Doug Yeabsley

Personal information
- Full name: Douglas Ian Yeabsley
- Born: 3 January 1942 (age 84) Exeter, Devon, England
- Batting: Left-handed
- Bowling: Left-arm medium-fast
- Role: Bowler
- Relations: Richard Yeabsley (son); Michael Yeabsley (son);

Domestic team information
- 1959–1991: Devon
- 1974–1981: Minor Counties (West/South)
- FC debut: 20 July 1974 Minor Counties v Pakistanis
- Last FC: 4 August 1981 Minor Counties v Sri Lankans
- List A debut: 10 May 1969 Devon v Hertfordshire
- Last List A: 24 June 1987 Devon v Worcestershire

Career statistics
| Competition | First-class | List A |
| Matches | 4 | 41 |
| Runs scored | 27 | 164 |
| Batting average | 9.00 | 13.66 |
| 100s/50s | 0/0 | 0/0 |
| Top score | 14* | 22* |
| Balls bowled | 837 | 2,358 |
| Wickets | 13 | 36 |
| Bowling average | 29.92 | 32.27 |
| 5 wickets in innings | 0 | 0 |
| 10 wickets in match | 0 | 0 |
| Best bowling | 3/45 | 3/21 |
| Catches/stumpings | 1/– | 5/– |
- Source: CricketArchive, 10 December 2008

= Doug Yeabsley =

English cricketer (born 1942)

Douglas Ian Yeabsley (born 3 January 1942), is a former cricketer who represented the Minor Counties and, particularly, Devon County Cricket Club from 1959 to 1990, a span of 31 years. Yeabsley played a role in a victory for Minor Counties over the visiting Australian cricket team in 1977.

He also played top class rugby union: "as a back-row forward for Harlequins for many years", and, as a flanker, for Saracens and Hertfordshire.
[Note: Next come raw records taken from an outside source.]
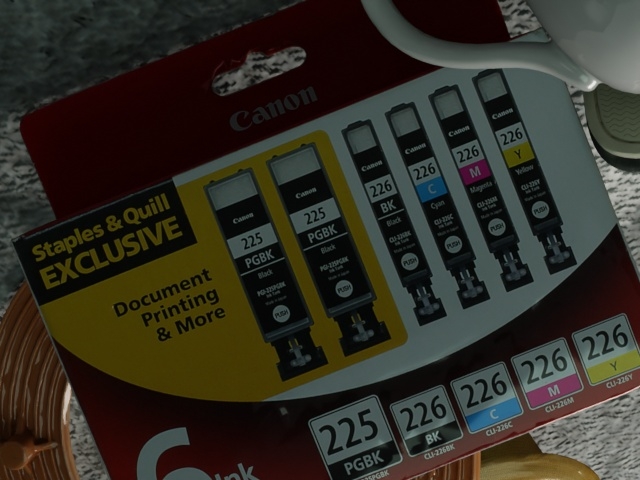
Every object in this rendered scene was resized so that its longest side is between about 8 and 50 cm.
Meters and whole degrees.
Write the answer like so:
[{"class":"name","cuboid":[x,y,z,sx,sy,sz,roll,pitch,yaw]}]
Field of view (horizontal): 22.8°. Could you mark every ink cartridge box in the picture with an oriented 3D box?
[{"class":"ink cartridge box","cuboid":[0.000,0.000,0.903,0.309,0.130,0.272,-22,93,2]}]

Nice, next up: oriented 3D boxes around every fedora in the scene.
[{"class":"fedora","cuboid":[0.125,0.202,1.239,0.194,0.079,0.194,-6,138,-5]}]

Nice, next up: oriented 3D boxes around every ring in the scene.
[{"class":"ring","cuboid":[-0.065,0.135,1.032,0.336,0.032,0.337,4,106,13]}]

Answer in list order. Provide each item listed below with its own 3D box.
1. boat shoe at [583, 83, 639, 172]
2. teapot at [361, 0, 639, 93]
[{"class":"boat shoe","cuboid":[0.199,-0.118,0.889,0.084,0.233,0.079,4,139,19]},{"class":"teapot","cuboid":[0.164,-0.201,0.734,0.256,0.187,0.252,-36,170,-28]}]
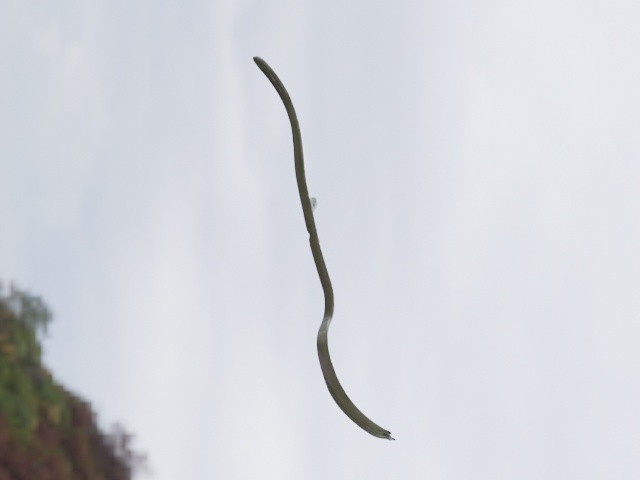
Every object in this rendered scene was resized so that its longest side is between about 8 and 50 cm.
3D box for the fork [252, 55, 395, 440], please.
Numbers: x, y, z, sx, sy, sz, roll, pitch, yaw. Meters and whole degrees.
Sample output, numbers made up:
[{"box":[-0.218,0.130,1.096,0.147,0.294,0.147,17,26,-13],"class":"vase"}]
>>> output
[{"box":[-0.006,0.002,0.925,0.034,0.028,0.219,50,23,-74],"class":"fork"}]
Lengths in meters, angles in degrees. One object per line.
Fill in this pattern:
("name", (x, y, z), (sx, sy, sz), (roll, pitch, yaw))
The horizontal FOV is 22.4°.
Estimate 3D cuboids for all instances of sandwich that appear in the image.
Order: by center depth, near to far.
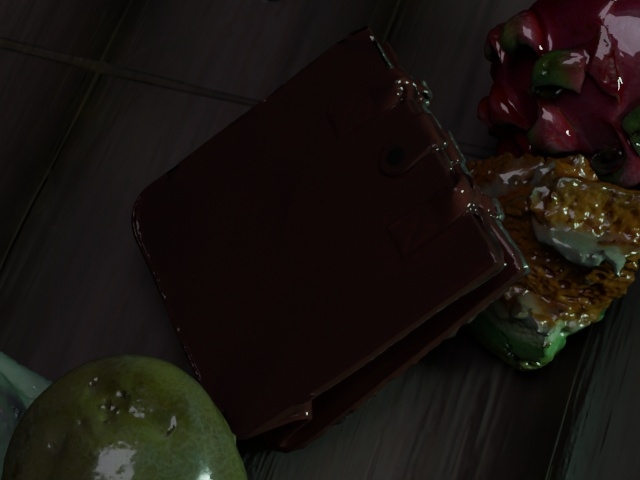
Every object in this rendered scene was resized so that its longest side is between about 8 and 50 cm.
("sandwich", (0.157, -0.004, 1.283), (0.185, 0.160, 0.109), (40, 52, 17))

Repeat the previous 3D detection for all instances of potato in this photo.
("potato", (-0.146, 0.202, 1.198), (0.178, 0.160, 0.235), (12, 86, 28))

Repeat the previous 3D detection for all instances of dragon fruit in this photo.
("dragon fruit", (0.269, -0.136, 1.329), (0.273, 0.198, 0.218), (14, 48, 8))

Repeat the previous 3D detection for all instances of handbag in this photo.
("handbag", (-0.001, 0.000, 1.280), (0.275, 0.084, 0.260), (-37, 58, 18))

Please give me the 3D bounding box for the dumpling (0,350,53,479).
("dumpling", (-0.271, 0.150, 1.270), (0.149, 0.105, 0.216), (-26, 60, -8))
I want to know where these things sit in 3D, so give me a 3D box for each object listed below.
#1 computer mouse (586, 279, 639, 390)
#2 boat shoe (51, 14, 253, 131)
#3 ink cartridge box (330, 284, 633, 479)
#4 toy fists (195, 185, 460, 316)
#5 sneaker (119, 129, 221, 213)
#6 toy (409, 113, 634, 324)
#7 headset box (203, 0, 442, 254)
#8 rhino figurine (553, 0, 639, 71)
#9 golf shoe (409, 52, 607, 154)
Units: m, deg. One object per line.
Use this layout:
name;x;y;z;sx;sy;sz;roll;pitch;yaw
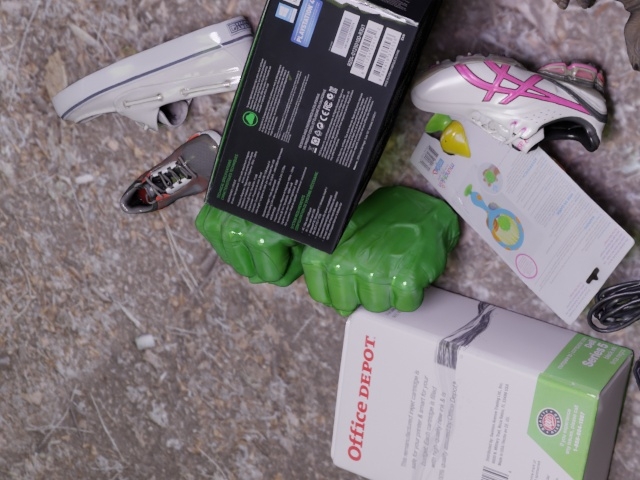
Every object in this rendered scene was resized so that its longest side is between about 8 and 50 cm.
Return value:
computer mouse;0.390;0.130;1.484;0.184;0.060;0.262;-25;97;23
boat shoe;-0.176;-0.162;1.675;0.267;0.096;0.088;-18;96;27
ink cartridge box;0.162;0.175;1.598;0.272;0.115;0.198;19;119;23
toy fists;0.000;0.000;1.589;0.279;0.142;0.096;19;130;29
sneaker;-0.164;-0.066;1.721;0.158;0.065;0.061;-34;91;37
toy;0.202;-0.048;1.510;0.237;0.056;0.137;44;139;15
headset box;0.022;-0.171;1.439;0.131;0.283;0.246;23;123;3
rhino figurine;0.260;-0.245;1.382;0.106;0.073;0.243;-31;94;40
golf shoe;0.175;-0.124;1.427;0.186;0.086;0.067;2;156;-4

Away from sport, he taught chemistry at Haberdashers' Aske's School.

==Cricket career==
A left-arm medium pace bowler and a left-handed tail end batsman, Yeabsley made his debut for Devon "in 1959, aged 17, while still at Exeter School, and continued for 31 seasons, a tribute to his durability and skill".
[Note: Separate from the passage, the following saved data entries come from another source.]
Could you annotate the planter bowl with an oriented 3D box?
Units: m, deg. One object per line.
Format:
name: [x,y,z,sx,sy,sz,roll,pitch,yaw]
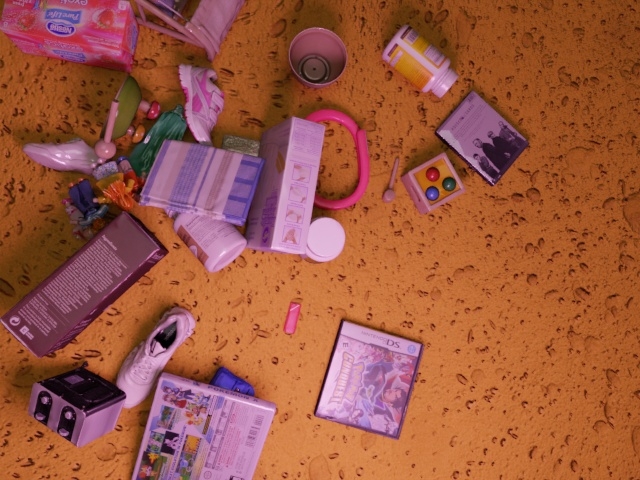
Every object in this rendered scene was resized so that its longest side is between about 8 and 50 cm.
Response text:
planter bowl: [-0.013,-0.499,1.561,0.161,0.109,0.162,1,84,-8]

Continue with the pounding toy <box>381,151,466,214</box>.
pounding toy: [0.276,-0.167,1.580,0.206,0.094,0.181,-29,90,-9]

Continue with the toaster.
toaster: [-0.593,0.401,1.363,0.168,0.185,0.110,24,100,16]

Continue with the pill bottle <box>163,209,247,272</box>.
pill bottle: [-0.314,-0.039,1.467,0.131,0.131,0.229,-40,82,-9]

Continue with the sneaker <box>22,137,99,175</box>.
sneaker: [-0.674,-0.238,1.478,0.212,0.080,0.094,13,72,-13]

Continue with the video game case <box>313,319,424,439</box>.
video game case: [0.138,0.388,1.544,0.248,0.035,0.275,18,83,-6]

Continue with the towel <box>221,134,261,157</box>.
towel: [-0.210,-0.238,1.555,0.148,0.027,0.110,12,83,-6]

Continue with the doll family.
doll family: [-0.565,-0.102,1.416,0.263,0.118,0.163,-36,75,5]

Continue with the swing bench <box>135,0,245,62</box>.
swing bench: [-0.346,-0.675,1.504,0.254,0.165,0.253,26,82,-5]

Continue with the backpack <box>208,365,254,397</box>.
backpack: [-0.237,0.404,1.456,0.120,0.101,0.098,36,71,-7]

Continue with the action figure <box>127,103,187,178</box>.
action figure: [-0.431,-0.267,1.509,0.137,0.063,0.232,27,86,-3]

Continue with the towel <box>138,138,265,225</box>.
towel: [-0.304,-0.153,1.425,0.284,0.034,0.209,11,65,4]

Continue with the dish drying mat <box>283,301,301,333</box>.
dish drying mat: [-0.079,0.217,1.543,0.032,0.008,0.083,15,83,-7]

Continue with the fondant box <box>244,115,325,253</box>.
fondant box: [-0.100,-0.134,1.443,0.096,0.238,0.331,10,86,-24]

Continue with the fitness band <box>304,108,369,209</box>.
fitness band: [0.032,-0.230,1.577,0.208,0.054,0.291,-5,85,-5]

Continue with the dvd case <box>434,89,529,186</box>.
dvd case: [0.483,-0.306,1.652,0.238,0.029,0.179,42,82,-2]

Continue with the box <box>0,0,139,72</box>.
box: [-0.652,-0.562,1.461,0.299,0.154,0.142,9,85,-8]

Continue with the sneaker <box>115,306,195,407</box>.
sneaker: [-0.440,0.304,1.435,0.110,0.118,0.292,33,83,-6]

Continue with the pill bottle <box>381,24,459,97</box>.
pill bottle: [0.291,-0.513,1.599,0.215,0.117,0.117,39,82,-3]

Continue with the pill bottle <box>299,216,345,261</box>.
pill bottle: [0.000,0.000,1.471,0.119,0.208,0.119,1,86,-8]

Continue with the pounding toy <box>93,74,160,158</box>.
pounding toy: [-0.492,-0.313,1.438,0.110,0.237,0.183,24,120,-21]

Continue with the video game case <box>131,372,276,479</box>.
video game case: [-0.302,0.521,1.417,0.299,0.036,0.329,17,106,-6]

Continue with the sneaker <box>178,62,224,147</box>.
sneaker: [-0.314,-0.369,1.514,0.111,0.103,0.253,-10,87,-7]

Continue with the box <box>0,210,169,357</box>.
box: [-0.577,0.107,1.396,0.143,0.191,0.381,45,82,-3]

Yeabsley made four appearances in first-class cricket and 41 in List A matches. His first-class appearances were all made for the Minor Counties representative team against touring international opposition. His best bowling return was achieved against the 1974 Pakistan touring team, taking 3-45 including the wickets of Mushtaq Mohammad, Wasim Bari and Wasim Raja—all Test players.

Yeabsley's last List A appearance was against Worcestershire in the 1987 NatWest Trophy, when he was 45. Ian Botham and Graeme Hick both made hundreds. Worcestershire scored their 404 runs at a rate of nearly seven runs per over. Yeabsley's 12 overs cost just 50 runs; the other four bowlers conceded between 79 and 97 runs off the same number of overs.
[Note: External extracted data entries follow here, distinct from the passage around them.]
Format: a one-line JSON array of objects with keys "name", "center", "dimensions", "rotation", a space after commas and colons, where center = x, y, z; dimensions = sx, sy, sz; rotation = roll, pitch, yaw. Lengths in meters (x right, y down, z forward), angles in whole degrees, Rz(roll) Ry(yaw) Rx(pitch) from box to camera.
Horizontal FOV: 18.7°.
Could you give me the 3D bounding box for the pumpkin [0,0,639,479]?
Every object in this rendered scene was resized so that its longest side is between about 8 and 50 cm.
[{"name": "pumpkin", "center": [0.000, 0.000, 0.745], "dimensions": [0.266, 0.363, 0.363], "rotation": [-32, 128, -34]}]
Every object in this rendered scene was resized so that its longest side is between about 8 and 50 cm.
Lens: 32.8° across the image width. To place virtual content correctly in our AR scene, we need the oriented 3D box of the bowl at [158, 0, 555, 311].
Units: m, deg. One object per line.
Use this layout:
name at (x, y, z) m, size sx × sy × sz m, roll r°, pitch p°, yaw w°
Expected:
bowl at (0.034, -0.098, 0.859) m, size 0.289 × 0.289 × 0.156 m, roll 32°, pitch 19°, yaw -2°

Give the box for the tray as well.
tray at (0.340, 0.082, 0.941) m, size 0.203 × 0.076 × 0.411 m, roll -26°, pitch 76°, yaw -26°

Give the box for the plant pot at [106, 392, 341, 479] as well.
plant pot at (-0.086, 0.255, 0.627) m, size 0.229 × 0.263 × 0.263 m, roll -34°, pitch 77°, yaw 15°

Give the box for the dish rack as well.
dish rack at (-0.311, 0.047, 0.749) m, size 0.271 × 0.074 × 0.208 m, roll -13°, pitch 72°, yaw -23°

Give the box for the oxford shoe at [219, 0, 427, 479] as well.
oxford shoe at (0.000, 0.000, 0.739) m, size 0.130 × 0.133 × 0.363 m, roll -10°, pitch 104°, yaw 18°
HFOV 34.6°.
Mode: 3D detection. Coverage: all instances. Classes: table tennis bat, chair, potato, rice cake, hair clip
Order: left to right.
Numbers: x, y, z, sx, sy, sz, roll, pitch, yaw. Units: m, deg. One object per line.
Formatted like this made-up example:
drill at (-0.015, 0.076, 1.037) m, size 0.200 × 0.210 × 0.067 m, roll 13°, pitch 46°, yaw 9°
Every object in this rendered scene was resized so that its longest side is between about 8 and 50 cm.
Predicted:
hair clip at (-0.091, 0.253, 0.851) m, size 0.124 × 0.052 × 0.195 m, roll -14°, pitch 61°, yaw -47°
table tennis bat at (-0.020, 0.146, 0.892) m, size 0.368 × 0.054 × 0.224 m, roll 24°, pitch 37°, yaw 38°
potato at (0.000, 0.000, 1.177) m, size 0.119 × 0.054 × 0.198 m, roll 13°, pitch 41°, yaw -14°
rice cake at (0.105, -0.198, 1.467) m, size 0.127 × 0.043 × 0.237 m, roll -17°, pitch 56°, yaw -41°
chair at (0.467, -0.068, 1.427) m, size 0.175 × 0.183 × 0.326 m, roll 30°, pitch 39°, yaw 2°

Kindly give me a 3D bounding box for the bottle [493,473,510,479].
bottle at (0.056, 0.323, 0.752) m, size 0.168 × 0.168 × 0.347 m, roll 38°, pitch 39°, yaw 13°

Yeabsley has been described as "undoubtedly England's best amateur bowler of the seventies, bowling left-arm fast medium."

==Family and teaching career==
Yeabsley's two sons, Michael and Richard, both played first-class cricket, the latter in particular with some success. Both were educated at Haberdashers' Aske's Boys School, where Doug taught chemistry from 1964 and coached the school first XI and rugby first XV.